ANPO opens as a squadron of F-16 fighter jets thunder directly over local traffic to land on Kadena, the largest U.S. airbase in Asia. Ten miles south, the urban homes that crowd Futenma Marine Corps Air Station shake from the numbing drone of C-130 cargo planes whose novice pilots repeatedly practice “touch-and-go” take-offs and landings. The U.S. base at Futenma is one of 30 bases in Okinawa, an island that makes up only 1% of Japan’s land mass while shouldering the burden of 75% of the U.S. military installations in Japan. That presence includes over 28,000 American troops, rivaling the number deployed to the active war zone of Afghanistan. America’s military presence was negotiated in 1951 under the terms of the lopsided U.S.-Japan Mutual Security Treaty, known in Japan as “ANPO.” Under its provisions, American soldiers who rape Japanese women and girls are often protected from local prosecution. Prime farming lands have been confiscated from farmers to extend air force jet runways. Civilians are killed in hit-and-run accidents by drunken US servicemen with few held to account. In one particularly egregious case, a woman collecting shell casings to sell was shot in the back and killed by a US soldier who served no time for her death.

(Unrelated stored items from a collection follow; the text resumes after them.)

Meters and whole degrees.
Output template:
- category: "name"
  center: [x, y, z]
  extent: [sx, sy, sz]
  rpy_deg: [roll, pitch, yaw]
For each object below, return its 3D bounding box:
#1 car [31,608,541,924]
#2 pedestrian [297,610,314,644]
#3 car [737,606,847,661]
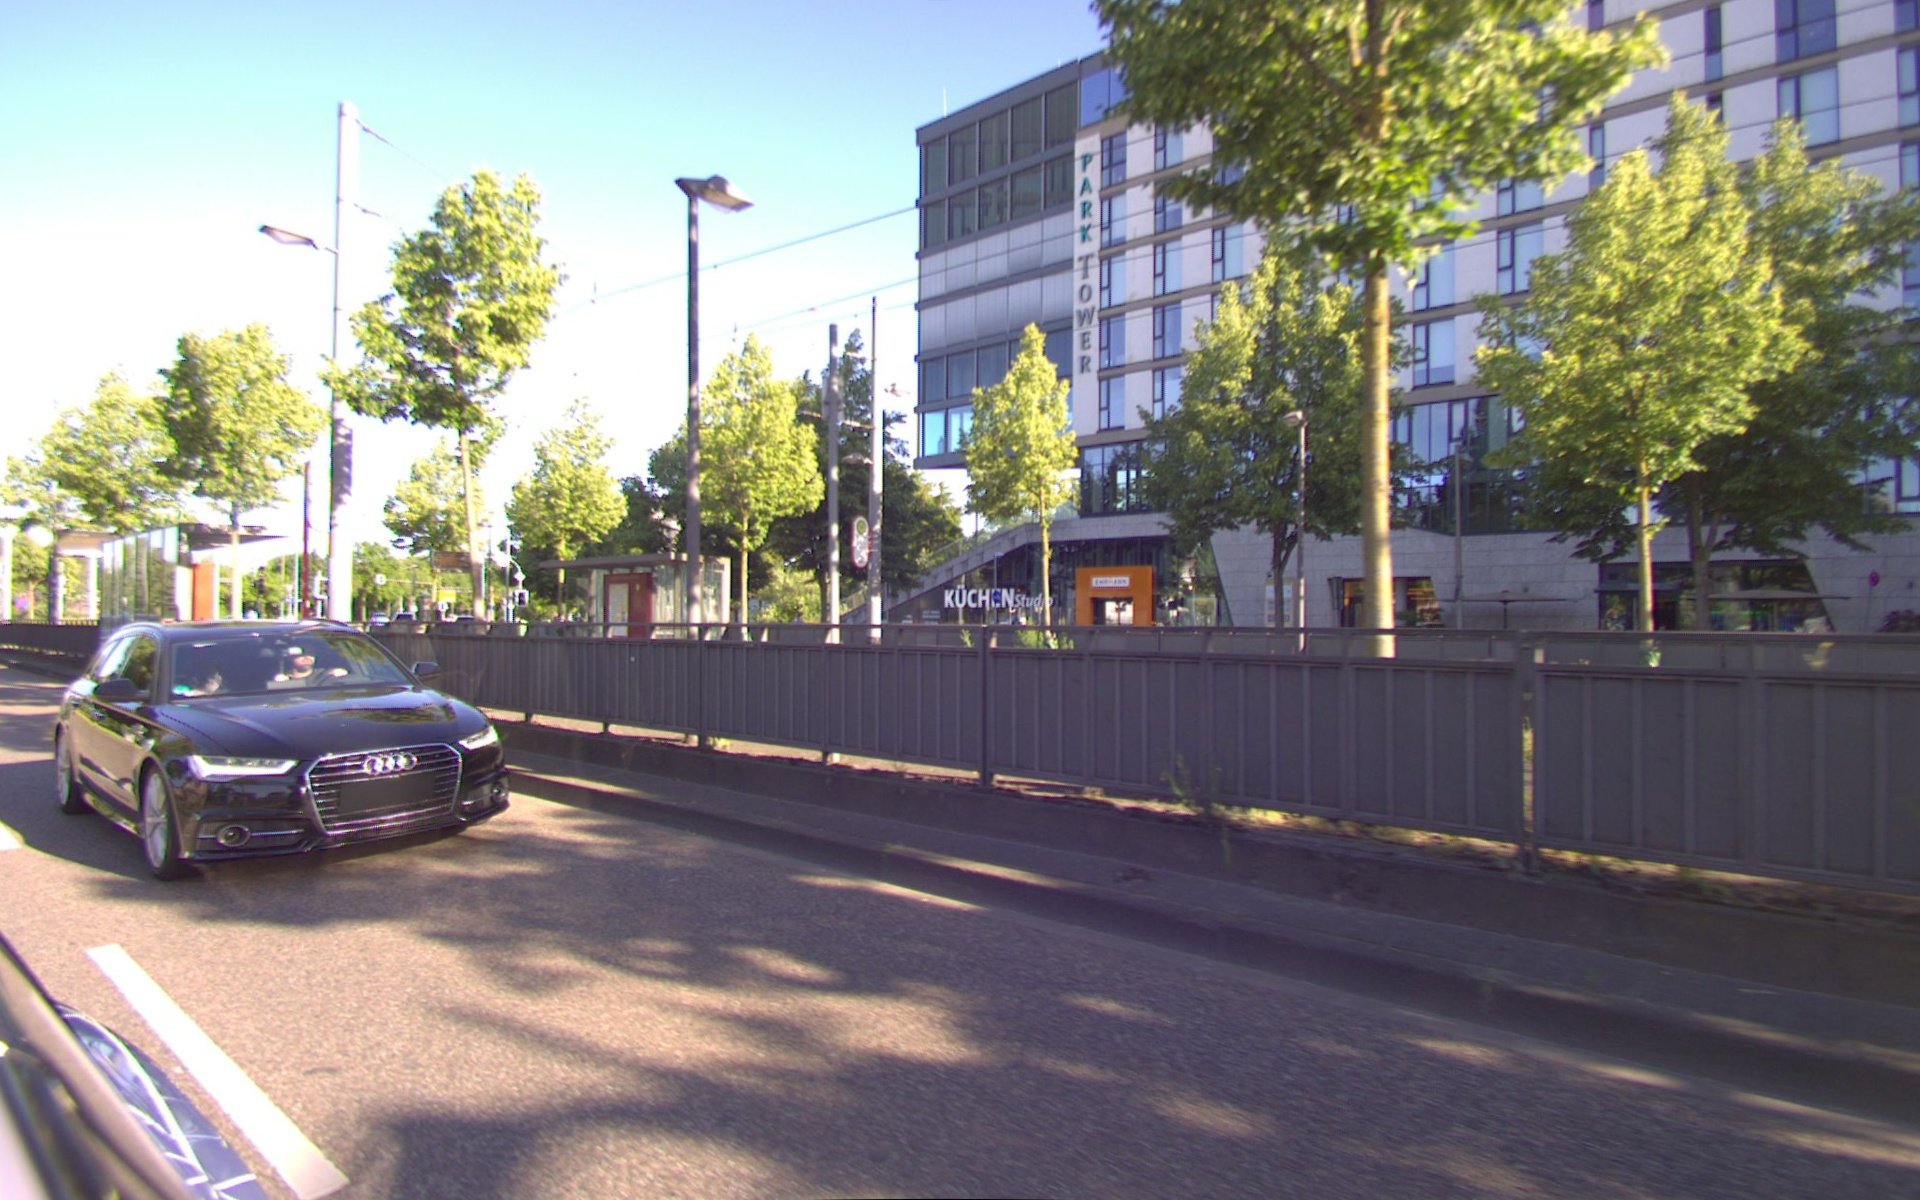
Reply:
- category: "car"
  center: [-4.931, 0.836, 7.104]
  extent: [4.597, 1.538, 1.766]
  rpy_deg: [-1, -1, 40]
- category: "pedestrian"
  center: [-31.234, 1.279, 48.287]
  extent: [0.810, 1.590, 0.413]
  rpy_deg: [1, 0, 38]
- category: "car"
  center: [-5.690, 1.080, 34.008]
  extent: [3.773, 1.678, 1.599]
  rpy_deg: [1, 0, 41]

Protests by Japanese enraged by the onerous terms of the security treaty have generally been ignored by Japan’s ruling party. Yet for a brief window of time during the summer of 1960, shopkeepers, children and housewives joined a coalition of artists, farmers, students, laborers, and intellectuals in a series of massive demonstrations to block the renewal of the treaty. Tens of thousands of protestors marched on the Japanese parliament to demand an end to the unequal partnership with Washington. Among the protesters was a small cadre of Japan’s most talented artists. They used the creativity of their paintings, film, photography, manga, and music to give a powerful voice to the protests and to document the many ways in which the American military presence has intruded upon Japanese life and sovereignty.
ANPO uses the resulting artistic treasure trove that has heretofore been locked away in Japanese museum vaults and film archives to take an unprecedented look back into a forgotten period of Japanese history, when a nascent democratic movement almost changed the course of an entire nation. The artists speak about how the events of that summer forever changed them and their art. We hear from a survivor of the Lucky Dragon, a Japanese fishing vessel that was in the path of deadly fallout from a 15 megaton thermonuclear test blast whose effects became a rallying cry for the Japanese protesting against nuclear armament and the U.S-Japan security treaty. The film also incorporates film clips from Japanese classics and riveting archival footage that shows the passion of the protestors who flooded the streets to fight for democracy.
ANPO aims to entertain its audience with a fascinating look at an unknown period of Japanese activism through the eyes of the world-class Japanese artists who lived the experience. But its lessons about American overreach and the anger its unwanted military presence engenders can just as easily apply to U.S. plans for permanent military bases in Afghanistan and Iraq. As we enter into an age of greater political transparency under different administrations in the U.S. and Japan, now is as pressing a time as ever to examine the complexities and limits of America’s presence on the world stage.
Most of the film has already been shot in high-definition by director of photography Yamazaki Yutaka, one of Japan’s most accomplished cinematographers. He has filmed hundreds of documentaries, worked on the celebrated films of Kore-eda Hirokazu and filmed the 1960 ANPO protests as a student. Playing a key advisory role is Dr. John Dower, Professor of History at MIT and the author of the Pulitzer Prize-winning Embracing Defeat, the definitive study of postwar Japanese culture and politics.